The aim of this study was to characterize the swimming behaviour of C. intestinalis larvae during the first 6 h after hatching by measuring tail muscle field potentials. This recording method allowed a quantitative description of the responses of the larva under light and dark conditions. Three different larval movements were distinguished by their specific frequencies: tail flicks, 'spontaneous' swimming, and shadow response, or dark induced activity, with respective mean frequencies of about 10, 22 and 32 Hz. The shadow response develops at about 1.5 h post hatching (h.p.h.). The frequency of muscle potentials associated with this behaviour became higher than those of spontaneous swimming activity, shifting from 20 to 30 Hz, but only from about 2 h.p.h. onwards. Swimming rate was influenced positively for about 25 s after the beginning of the shadow response. Comparison of swimming activity at three different larval ages (0-2, 2-4 and 4-6 h.p.h.) showed that Ciona larvae swim for longer periods and more frequently during the first hours after hatching. Our results provide a starting point for future studies that aim to characterize the nervous control of ascidian locomotion, in wild-type or mutant larvae.

Dopamine and serotonin modulate the onset of metamorphosis in the ascidian Phallusia mammillata.

Neurotransmitters play an important role in larval metamorphosis in different groups of marine invertebrates. In this work, the role of dopamine and serotonin during metamorphosis of the ascidian Phallusia mammillata larvae was examined. By immunofluorescence experiments, dopamine was localized in some neurons of the central nervous system and in the adhesive papillae of the larvae. Dopamine and serotonin signaling was inhibited by means of antagonists of these neurotransmitters receptors (R(+)-SCH-23390, a D(1) antagonist; clozapine, a D(4) antagonist; WAY-100635, a 5-HT(1A) antagonist) and by sequestering the neurotransmitters with specific antibodies. Moreover, dopamine synthesis was inhibited by exposing 2-cell embryos to alpha-methyl-l-tyrosine. Dopamine depletion, obtained by these different approaches, caused early metamorphosis, while serotonin depletion delayed the onset of metamorphosis. The opposite effects were obtained using agonists of the neurotransmitters: lisuride, a D(2) agonist, inhibited metamorphosis, while DOI hydrochloride and 8-OH-DPAT HBr, two serotonin agonists, promoted it. So, it is possible to suppose that dopamine signaling delayed metamorphosis while serotonin signaling triggers it. We propose a mechanism by which these neurotransmitters may modulate the timing of metamorphosis in larvae.

WAY-100635, an antagonist of 5-HT(1A) receptor, causes malformations of the CNS in ascidian embryos.
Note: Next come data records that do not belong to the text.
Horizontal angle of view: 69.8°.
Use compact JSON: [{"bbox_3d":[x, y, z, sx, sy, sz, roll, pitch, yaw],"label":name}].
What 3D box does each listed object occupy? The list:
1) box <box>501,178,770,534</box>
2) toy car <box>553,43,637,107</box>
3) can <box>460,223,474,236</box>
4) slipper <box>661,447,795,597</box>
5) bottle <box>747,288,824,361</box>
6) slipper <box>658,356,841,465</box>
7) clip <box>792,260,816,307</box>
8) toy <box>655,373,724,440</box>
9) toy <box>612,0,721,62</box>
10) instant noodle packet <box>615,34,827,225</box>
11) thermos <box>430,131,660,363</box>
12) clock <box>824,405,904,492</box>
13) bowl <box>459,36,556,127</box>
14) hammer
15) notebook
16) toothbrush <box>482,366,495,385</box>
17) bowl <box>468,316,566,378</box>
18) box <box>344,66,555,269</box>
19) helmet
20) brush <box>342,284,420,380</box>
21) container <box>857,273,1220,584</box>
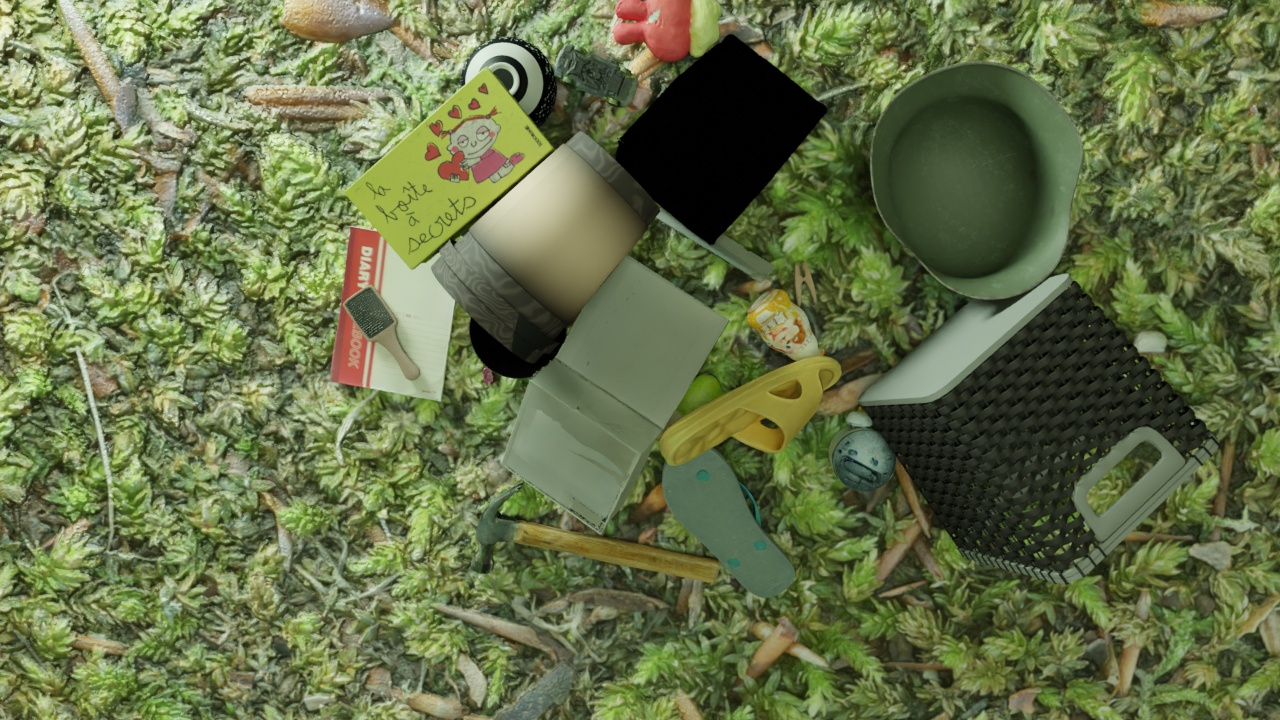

Serotonin (5-HT) is a neurotransmitter which is supposed to play a key role during development. In the last few years 5-HT receptors have been cloned in many animal species, and there is evidence that different 5-HT receptors are also present in ascidians. Ascidians and vertebrates are both members of the phylum Chordata and both have a dorsal tubular central nervous system. Embryos of the ascidian Phallusia mammillata have been treated with WAY-100635, a potent and selective 5-HT(1A) receptor antagonist. The larvae developed from treated embryos showed a dramatic reduction of their anterior sensory vesicles and the pigment of two sensory organs, the ocellus and the otolith. Immunofluorescence experiments with an anti beta-tubulin monoclonal antibody specific for the neural system showed that the anterior neural system of treated animals was radically altered by the action of the drug in a dose-dependent way. These results suggest that 5-HT plays a role in the development of the neural system in ascidians and its action is mediated by receptors similar to the members of the 5-HT(1A) receptor subtype of mammals.